What is the percentage of the population \(q\), such that the probability that the random interval from \(X^{(3)}\) to \(X^{(35)}\) contains a proportion \(q\) or more of the population, is \(0.95\)?

Here we have \(r=3\) and \(m=n+1-35=6\), so we can calculate

`solve.bintol.q(0.95, 40, 3, 6)`

`## [1] 0.6680006`

so we have a probability of 0.95 that the random interval from \(X_{(3)}\) to \(X_{(35)}\) inclusive, contains 66.7% or more of the population.

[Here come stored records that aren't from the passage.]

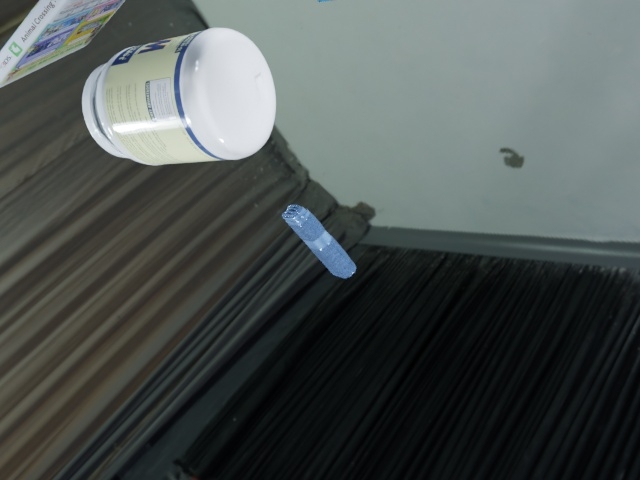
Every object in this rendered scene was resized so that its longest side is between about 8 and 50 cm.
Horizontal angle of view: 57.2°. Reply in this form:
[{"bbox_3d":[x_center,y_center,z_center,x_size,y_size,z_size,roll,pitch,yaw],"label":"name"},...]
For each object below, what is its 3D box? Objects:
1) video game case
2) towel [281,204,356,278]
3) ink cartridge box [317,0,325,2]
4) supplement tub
[{"bbox_3d":[-0.280,-0.275,0.691,0.193,0.212,0.023,-35,110,26],"label":"video game case"},{"bbox_3d":[0.000,0.000,0.798,0.119,0.029,0.067,49,169,-17],"label":"towel"},{"bbox_3d":[0.097,-0.619,1.192,0.233,0.168,0.171,-3,150,7],"label":"ink cartridge box"},{"bbox_3d":[-0.276,-0.267,1.139,0.325,0.235,0.235,2,134,32],"label":"supplement tub"}]
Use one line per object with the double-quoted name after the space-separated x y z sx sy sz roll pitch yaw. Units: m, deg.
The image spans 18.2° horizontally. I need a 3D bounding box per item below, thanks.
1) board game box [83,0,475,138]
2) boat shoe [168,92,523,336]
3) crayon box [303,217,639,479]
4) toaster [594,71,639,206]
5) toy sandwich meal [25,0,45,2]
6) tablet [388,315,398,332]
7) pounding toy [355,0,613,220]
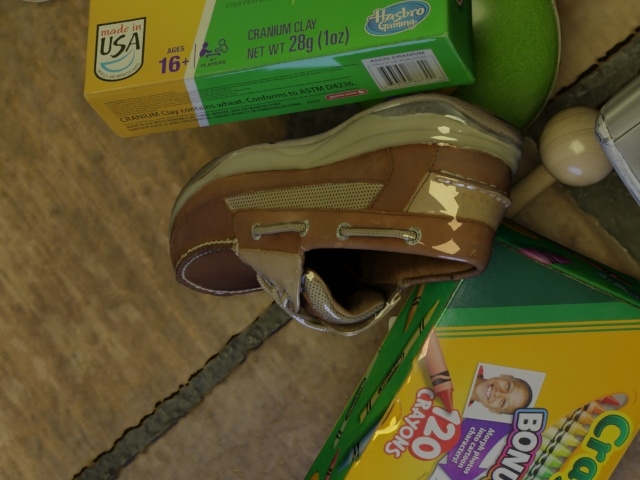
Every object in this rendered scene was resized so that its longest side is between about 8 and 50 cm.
-0.026 -0.234 1.300 0.242 0.064 0.316 -8 64 17 "board game box"
0.000 0.000 1.313 0.324 0.123 0.116 -22 58 52 "boat shoe"
0.108 0.131 1.355 0.165 0.081 0.278 24 106 -15 "crayon box"
0.275 -0.085 1.252 0.146 0.227 0.129 -36 86 35 "toaster"
-0.209 -0.212 1.457 0.086 0.029 0.085 1 97 11 "toy sandwich meal"
0.089 0.083 1.424 0.083 0.006 0.054 3 99 16 "tablet"
0.067 -0.106 1.315 0.183 0.110 0.237 -33 89 44 "pounding toy"
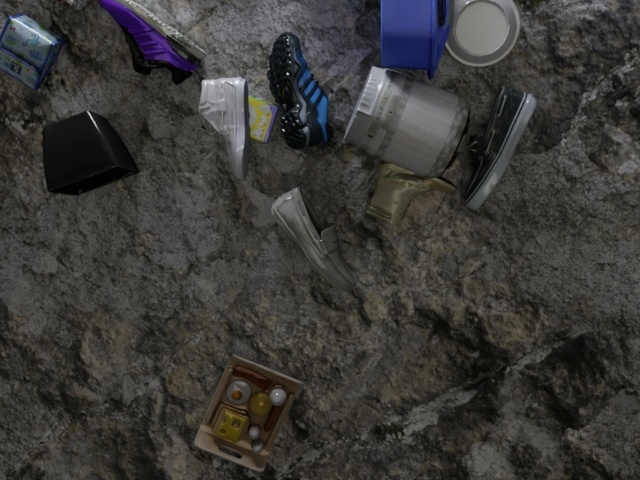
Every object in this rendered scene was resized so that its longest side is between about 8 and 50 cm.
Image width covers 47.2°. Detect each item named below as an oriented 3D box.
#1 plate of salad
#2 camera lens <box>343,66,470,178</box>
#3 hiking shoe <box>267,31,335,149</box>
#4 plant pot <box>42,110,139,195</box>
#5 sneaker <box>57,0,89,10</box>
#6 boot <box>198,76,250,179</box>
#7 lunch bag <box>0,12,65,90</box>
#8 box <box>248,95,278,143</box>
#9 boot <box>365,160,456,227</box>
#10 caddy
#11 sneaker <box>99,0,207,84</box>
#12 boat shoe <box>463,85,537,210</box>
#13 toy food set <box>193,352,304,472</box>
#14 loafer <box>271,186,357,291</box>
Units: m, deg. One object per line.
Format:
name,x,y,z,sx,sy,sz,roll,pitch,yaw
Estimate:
plate of salad,0.411,-0.548,1.882,0.200,0.048,0.199,2,109,7
camera lens,0.221,-0.295,1.842,0.275,0.219,0.219,21,101,-3
hiking shoe,-0.049,-0.384,1.892,0.132,0.113,0.303,-10,91,-38
plant pot,-0.601,-0.226,1.869,0.188,0.188,0.166,-20,90,3
sneaker,-0.665,-0.693,1.804,0.270,0.090,0.145,40,96,-12
boot,-0.248,-0.285,1.869,0.124,0.095,0.258,0,94,5
lunch bag,-0.746,-0.475,1.854,0.129,0.096,0.151,32,114,-10
box,-0.209,-0.332,1.918,0.179,0.043,0.105,17,101,-3
boot,0.241,-0.112,1.959,0.213,0.077,0.165,17,101,0
caddy,0.235,-0.565,1.778,0.179,0.241,0.341,0,103,5
sneaker,-0.447,-0.499,1.845,0.293,0.102,0.146,33,100,-8
boat shoe,0.443,-0.246,1.926,0.119,0.121,0.335,26,90,1
toy food set,-0.204,0.489,2.073,0.220,0.092,0.306,23,100,-6
loafer,0.000,0.000,1.960,0.111,0.112,0.319,-37,100,15
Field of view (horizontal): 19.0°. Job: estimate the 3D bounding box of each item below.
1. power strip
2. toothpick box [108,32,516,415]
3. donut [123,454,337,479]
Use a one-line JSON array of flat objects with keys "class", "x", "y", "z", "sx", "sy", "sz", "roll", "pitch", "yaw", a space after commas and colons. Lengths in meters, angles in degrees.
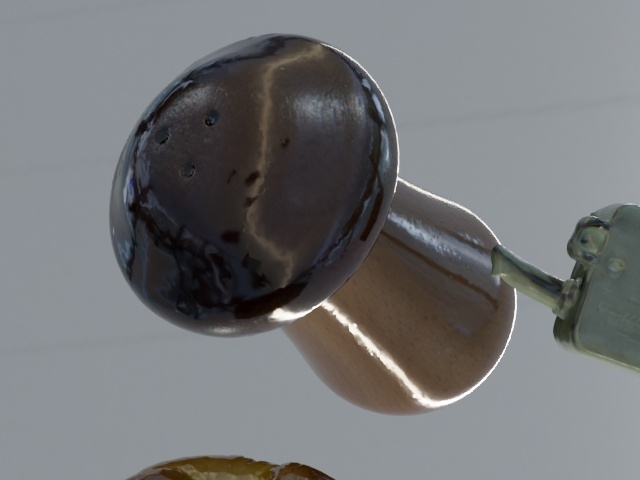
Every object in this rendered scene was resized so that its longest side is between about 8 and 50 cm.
[{"class": "power strip", "x": 0.234, "y": 0.048, "z": 1.106, "sx": 0.288, "sy": 0.053, "sz": 0.093, "roll": 20, "pitch": -93, "yaw": -4}, {"class": "toothpick box", "x": 0.000, "y": 0.000, "z": 1.199, "sx": 0.192, "sy": 0.294, "sz": 0.192, "roll": -15, "pitch": -121, "yaw": 26}, {"class": "donut", "x": -0.044, "y": 0.211, "z": 0.984, "sx": 0.226, "sy": 0.114, "sz": 0.226, "roll": -2, "pitch": -140, "yaw": 2}]
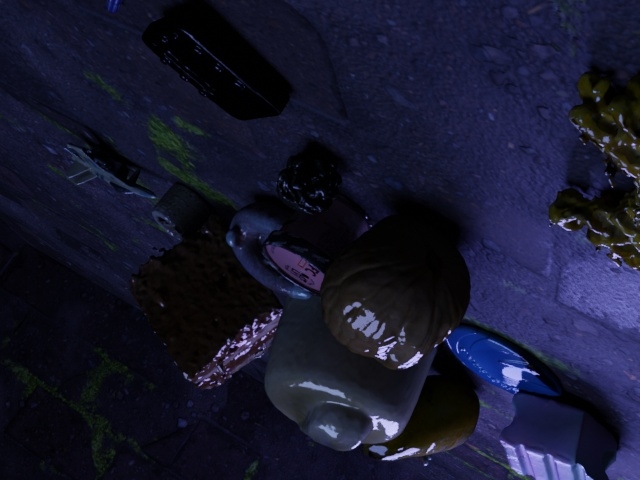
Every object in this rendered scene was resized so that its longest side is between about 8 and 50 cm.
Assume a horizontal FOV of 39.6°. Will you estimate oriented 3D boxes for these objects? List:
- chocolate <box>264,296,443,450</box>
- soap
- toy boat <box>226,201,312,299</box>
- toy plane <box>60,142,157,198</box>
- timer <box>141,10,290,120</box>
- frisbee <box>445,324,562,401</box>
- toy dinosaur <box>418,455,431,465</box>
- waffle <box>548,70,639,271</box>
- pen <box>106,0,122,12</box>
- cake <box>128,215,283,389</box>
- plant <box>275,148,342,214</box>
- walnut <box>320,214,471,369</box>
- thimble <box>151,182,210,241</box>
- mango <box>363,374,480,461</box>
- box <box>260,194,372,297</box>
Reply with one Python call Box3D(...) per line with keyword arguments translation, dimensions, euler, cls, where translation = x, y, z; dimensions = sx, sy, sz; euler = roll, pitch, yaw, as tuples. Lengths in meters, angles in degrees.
Box3D(translation=(0.044, 0.245, 1.673), dimensions=(0.313, 0.297, 0.326), euler=(16, 162, 13), cls="chocolate")
Box3D(translation=(0.460, 0.406, 1.696), dimensions=(0.192, 0.109, 0.324), euler=(15, 158, 24), cls="soap")
Box3D(translation=(-0.092, 0.016, 1.602), dimensions=(0.227, 0.085, 0.155), euler=(33, 127, 40), cls="toy boat")
Box3D(translation=(-0.453, -0.150, 1.958), dimensions=(0.261, 0.088, 0.192), euler=(15, 162, 23), cls="toy plane")
Box3D(translation=(-0.139, -0.235, 1.194), dimensions=(0.187, 0.055, 0.144), euler=(38, 165, -27), cls="timer")
Box3D(translation=(0.327, 0.237, 1.638), dimensions=(0.242, 0.045, 0.242), euler=(29, 163, 10), cls="frisbee")
Box3D(translation=(0.259, 0.425, 2.092), dimensions=(0.053, 0.167, 0.242), euler=(34, 177, -10), cls="toy dinosaur")
Box3D(translation=(0.342, -0.029, 0.848), dimensions=(0.259, 0.069, 0.293), euler=(28, 163, 23), cls="waffle")
Box3D(translation=(-0.262, -0.342, 1.167), dimensions=(0.025, 0.025, 0.204), euler=(37, 163, -11), cls="pen")
Box3D(translation=(-0.223, 0.144, 1.879), dimensions=(0.282, 0.255, 0.290), euler=(54, 176, 17), cls="cake")
Box3D(translation=(-0.019, -0.083, 1.324), dimensions=(0.094, 0.092, 0.143), euler=(43, 170, -5), cls="plant")
Box3D(translation=(0.108, 0.078, 1.306), dimensions=(0.228, 0.228, 0.228), euler=(30, 163, 11), cls="walnut")
Box3D(translation=(-0.297, -0.056, 1.895), dimensions=(0.102, 0.090, 0.115), euler=(22, 157, 39), cls="thimble")
Box3D(translation=(0.210, 0.365, 1.840), dimensions=(0.175, 0.177, 0.329), euler=(37, -165, 29), cls="mango")
Box3D(translation=(0.000, 0.000, 1.436), dimensions=(0.151, 0.135, 0.151), euler=(28, 160, 11), cls="box")
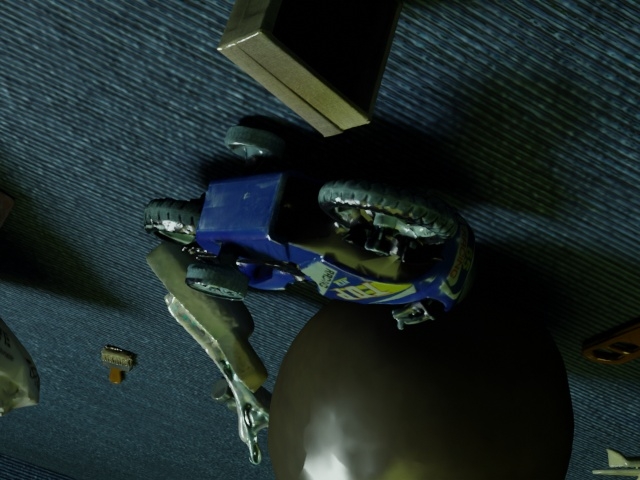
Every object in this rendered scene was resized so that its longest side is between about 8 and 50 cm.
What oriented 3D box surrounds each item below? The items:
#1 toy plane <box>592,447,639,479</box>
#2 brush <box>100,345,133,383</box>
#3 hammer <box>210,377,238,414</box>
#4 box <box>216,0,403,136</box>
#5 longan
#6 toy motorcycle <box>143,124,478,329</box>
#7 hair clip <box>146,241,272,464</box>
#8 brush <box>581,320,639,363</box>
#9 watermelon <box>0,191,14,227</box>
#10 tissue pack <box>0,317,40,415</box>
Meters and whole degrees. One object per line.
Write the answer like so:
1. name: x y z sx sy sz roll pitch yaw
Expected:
1. toy plane: 0.392 0.214 0.936 0.242 0.104 0.256 14 167 -32
2. brush: -0.277 0.173 1.363 0.043 0.014 0.170 17 158 -6
3. hammer: 0.005 0.211 1.243 0.288 0.033 0.111 -2 150 34
4. box: -0.001 -0.105 0.498 0.035 0.079 0.083 -12 144 45
5. longan: 0.082 0.146 0.808 0.258 0.258 0.258 14 156 6
6. toy motorcycle: 0.000 0.000 0.698 0.169 0.113 0.315 21 167 -34
7. hair clip: -0.086 0.096 0.901 0.218 0.071 0.159 59 175 -11
8. brush: 0.282 0.054 0.748 0.090 0.017 0.314 20 157 -9
9. watermelon: -0.315 -0.019 0.902 0.072 0.092 0.084 -35 149 9
10. tissue pack: -0.488 0.042 0.968 0.390 0.195 0.375 24 162 14
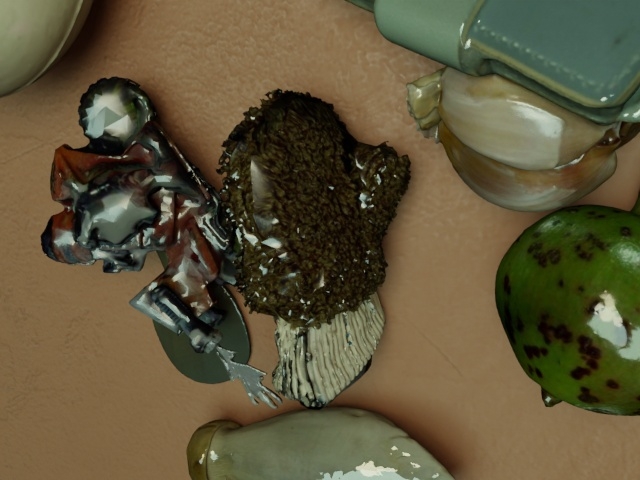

Suppose we collected the following values for the reaction yield (in percentage).

```
yield <- c(73, 70, 85, 89, 66, 92, 77, 88, 77, 75, 69, 64, 77, 83, 77, 77, 72, 64, 87,
76, 62, 80, 87, 81, 60, 95, 92, 82, 65, 72, 78, 61, 68, 74, 72, 94, 82, 86, 89, 84)
```

Then we can calculate the 3rd and 35th observed order statistic as follows.

```
yield.sorted <- sort(yield)
c(yield.sorted[3], yield.sorted[35])
```

`## [1] 62 89`

Therefore, the probability is 0.95 that the random interval from 62 to 89, inclusive, contains 66.8% or more of the population.